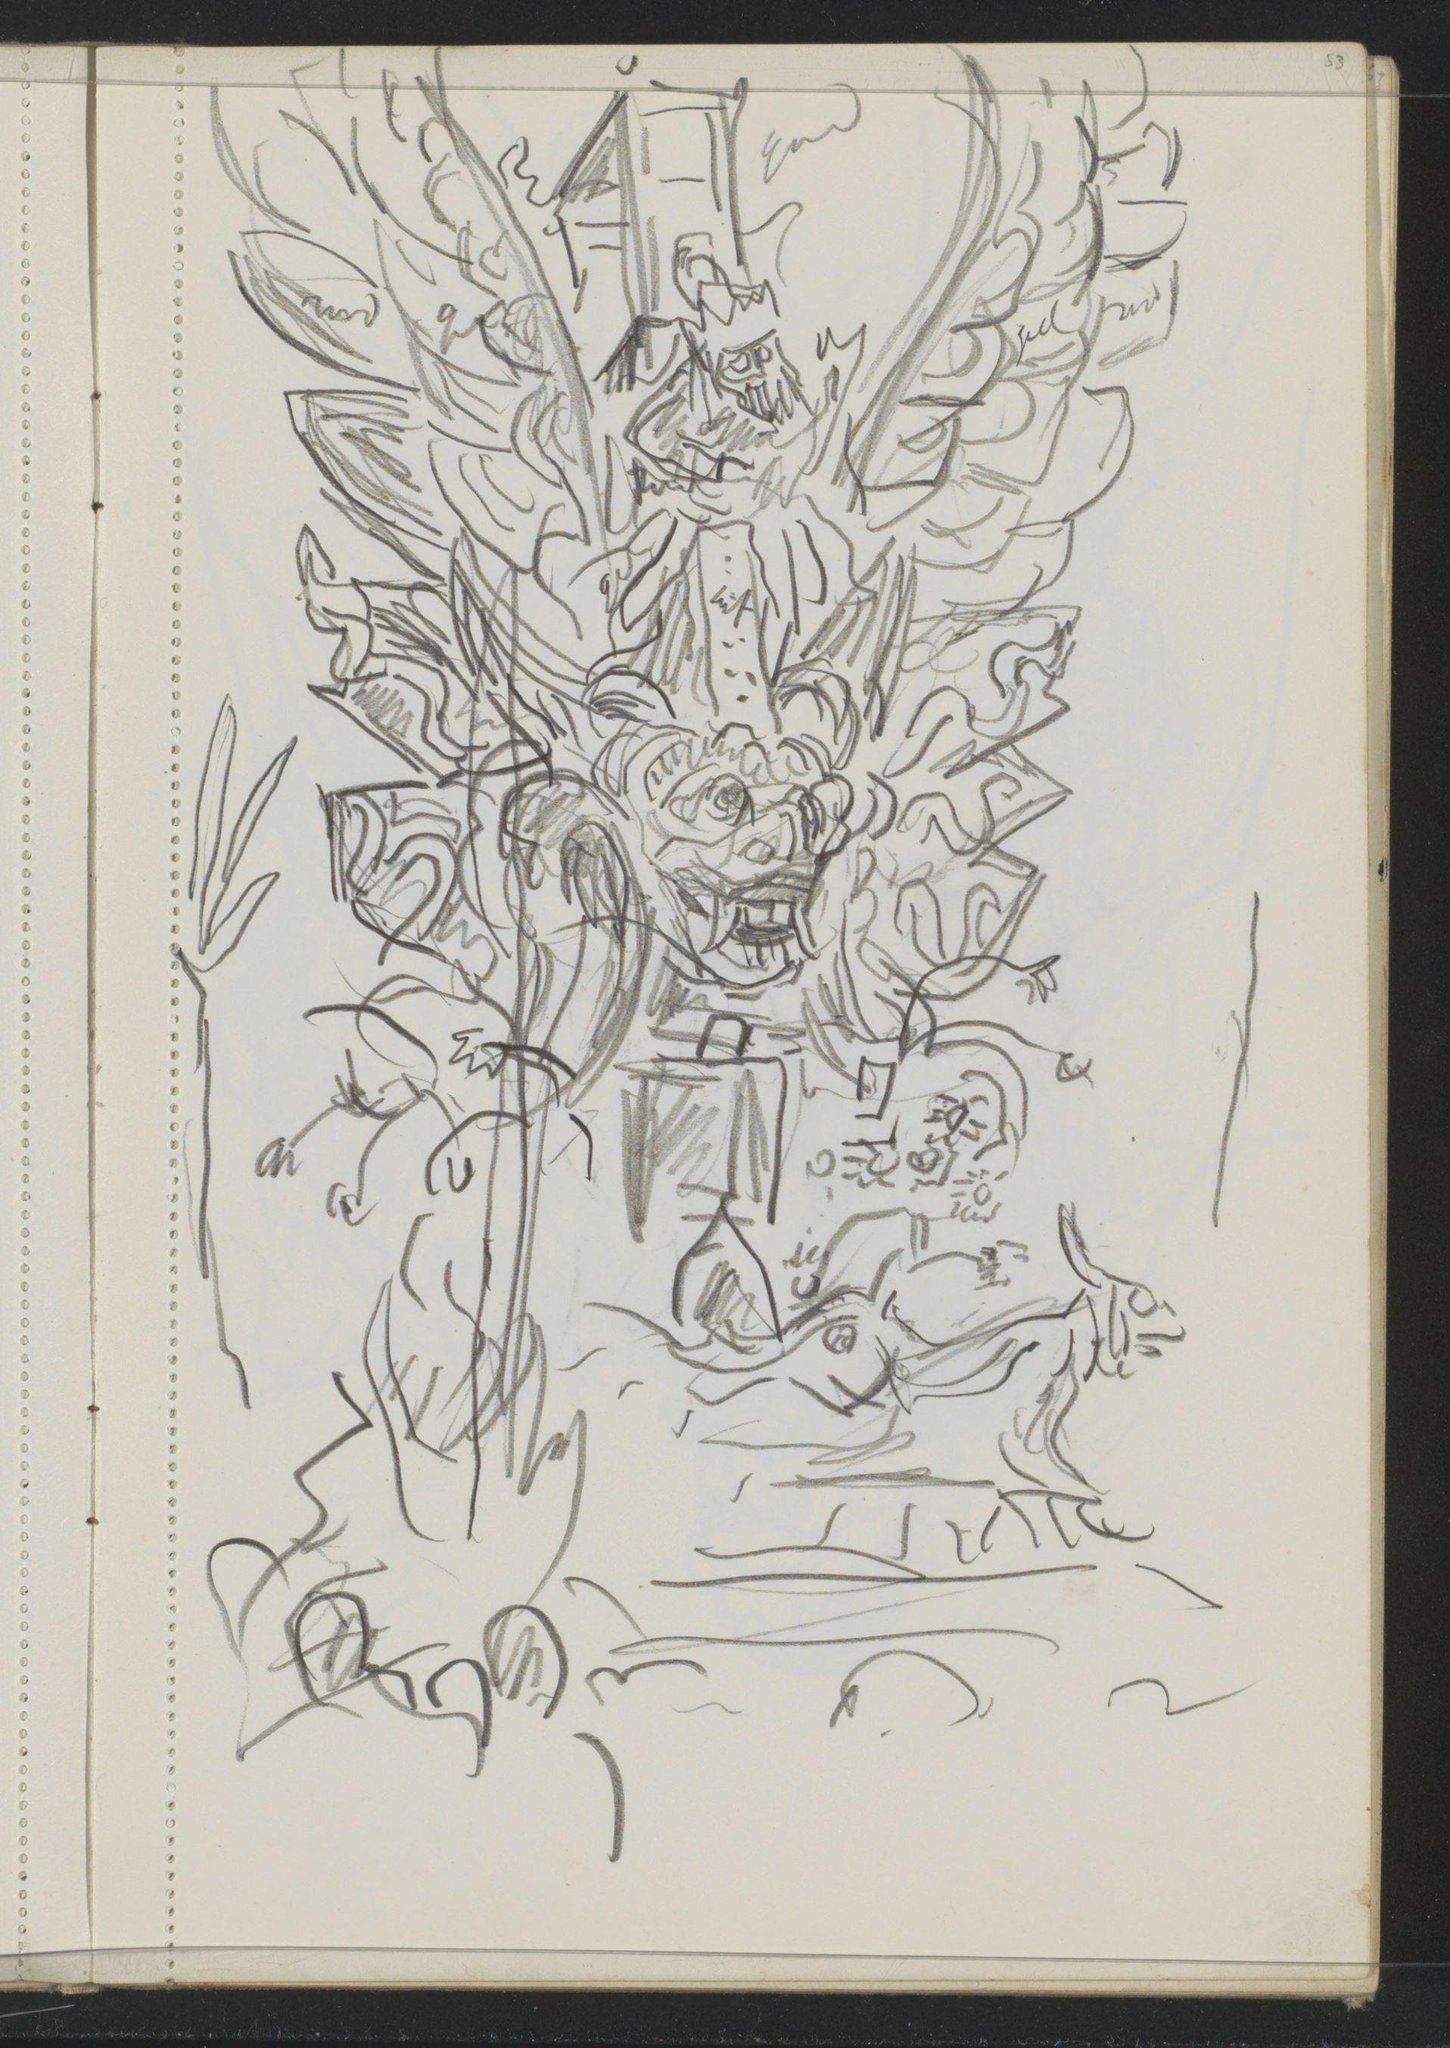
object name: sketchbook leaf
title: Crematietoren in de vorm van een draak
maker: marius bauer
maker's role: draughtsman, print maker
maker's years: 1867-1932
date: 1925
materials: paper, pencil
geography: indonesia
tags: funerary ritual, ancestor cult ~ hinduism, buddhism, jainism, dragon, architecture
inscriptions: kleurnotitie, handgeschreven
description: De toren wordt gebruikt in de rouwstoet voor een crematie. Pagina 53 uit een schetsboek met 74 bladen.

────────

## Task to carry out
Everything above from the line containing "maker's years: 1867-1932" down to the line containing "inscriptions: kleurnotitie, handgeschreven" is to be transcribed exactly, with both of those lines included and nothing else added.

## Answer section
maker's years: 1867-1932
date: 1925
materials: paper, pencil
geography: indonesia
tags: funerary ritual, ancestor cult ~ hinduism, buddhism, jainism, dragon, architecture
inscriptions: kleurnotitie, handgeschreven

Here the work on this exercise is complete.